The composition of the Senate Electoral Tribunal that sat and decided on the disqualification case against Senator Grace Poe on citizenship issues is instructive. It tells a lot about the eventual 5-4 decision that emerged and allowed Poe to keep her Senate seat. The SET is composed of three justices of the Supreme Court and four senators.
The three justices of the Supreme Court sitting in the SET are associate justices Antonio Carpio, Teresita Leonardo de Castro and Arturo Brion. The six senators in the tribunal are senators Loren Legarda, Bam Aquino, Nancy Binay, Pia Cayetano, Vicente Sotto III, and Cynthia Villar. In its 5-4 decision, the five who voted for Poe were Legarda, Aquino, Cayetano, Sotto and Villar. The four who voted against were Carpio, de Castro, Brion, and Binay.
The five who voted for Poe are all colleagues of hers in the Senate. They could not have voted otherwise or there would be a lot of red faces and awkward silences the next time they meet in the Senate. The only senator who voted against Poe was Binay. But this was to be expected. Binay's father is Vice President Jejomar Binay, who is running against Poe and two others for the presidency in 2016.

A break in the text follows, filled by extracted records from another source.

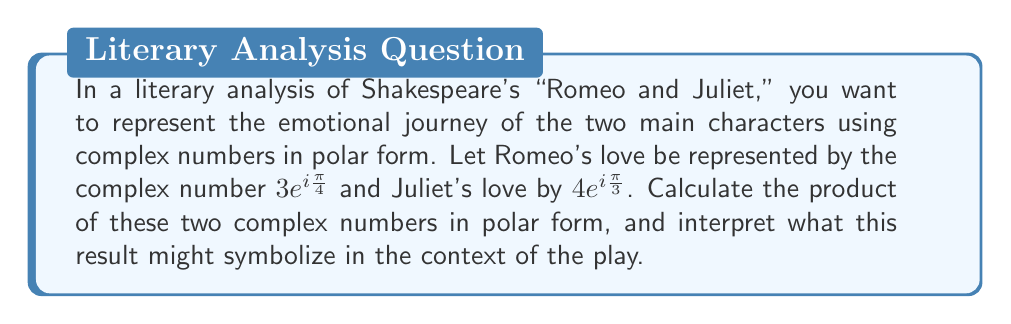Show me your answer to this math problem. To solve this problem, we'll follow these steps:

1) Recall the formula for multiplying complex numbers in polar form:
   $$(r_1e^{i\theta_1})(r_2e^{i\theta_2}) = r_1r_2e^{i(\theta_1+\theta_2)}$$

2) In our case:
   Romeo's love: $r_1 = 3$, $\theta_1 = \frac{\pi}{4}$
   Juliet's love: $r_2 = 4$, $\theta_2 = \frac{\pi}{3}$

3) Multiply the magnitudes:
   $r_1r_2 = 3 \cdot 4 = 12$

4) Add the angles:
   $\theta_1 + \theta_2 = \frac{\pi}{4} + \frac{\pi}{3} = \frac{3\pi}{12} + \frac{4\pi}{12} = \frac{7\pi}{12}$

5) Combine the results into polar form:
   $12e^{i\frac{7\pi}{12}}$

Interpretation: The resulting complex number represents the combined effect of Romeo and Juliet's love. The magnitude (12) is larger than either of the individual magnitudes, suggesting that their love together is stronger than either alone. The angle ($\frac{7\pi}{12}$) is between their individual angles, possibly symbolizing a middle ground or compromise between their perspectives. This could represent how their love brings them together despite their families' feud.
Answer: $12e^{i\frac{7\pi}{12}}$ 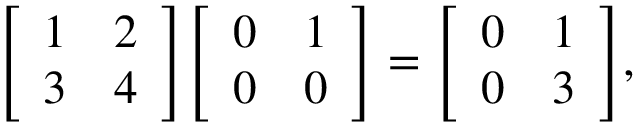Convert formula to latex. <formula><loc_0><loc_0><loc_500><loc_500>{ \left [ \begin{array} { l l } { 1 } & { 2 } \\ { 3 } & { 4 } \end{array} \right ] } { \left [ \begin{array} { l l } { 0 } & { 1 } \\ { 0 } & { 0 } \end{array} \right ] } = { \left [ \begin{array} { l l } { 0 } & { 1 } \\ { 0 } & { 3 } \end{array} \right ] } ,</formula> 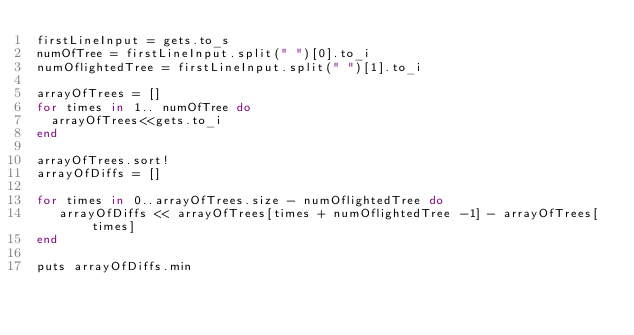Convert code to text. <code><loc_0><loc_0><loc_500><loc_500><_Ruby_>firstLineInput = gets.to_s
numOfTree = firstLineInput.split(" ")[0].to_i
numOflightedTree = firstLineInput.split(" ")[1].to_i

arrayOfTrees = []
for times in 1.. numOfTree do
  arrayOfTrees<<gets.to_i
end

arrayOfTrees.sort!
arrayOfDiffs = []

for times in 0..arrayOfTrees.size - numOflightedTree do 
   arrayOfDiffs << arrayOfTrees[times + numOflightedTree -1] - arrayOfTrees[times]
end

puts arrayOfDiffs.min</code>

Of the five senators who voted for Poe and the lone senator who voted against, it can very well be said that they voted along political or personal lines. They did not vote on the merits of the case, which involved very serious legal questions that bear not only on the instant case involving Poe but on similar controversies that may arise in the future involving similar questions.
In so doing, the five senators who voted for Poe, and the lone senator who voted against, all did their country a great disservice. They abdicated on their sworn duty to vote in accordance with what they felt was lawful and right, not by what they believed was convenient and expedient. The nation expected them to carry out a great responsibility with honor and authority and they failed in that miserably.
It is not enough to point out the political nature of the tribunal in order to justify the political biases of its members. When the task at hand requires the exercise of even-handed treatment in order to attain a result that is not only worthy of the dignity of the tribunal but the unassailability of its actions, one would have expected the senators to rise above self for the country's greater good.
Alas they did not. Or perhaps more aptly, they could not. In the end, it was only the three justices who measured up to what was required of them by strictly adhering to the merits of the case, never mind if they all ended up in the minority and losing tally. Never has a vote of three, cast in truth and integrity, risen to be appreciated by a nation gratefully assured that the great divide between learned justices and shallow politicians remains as distinct as ever.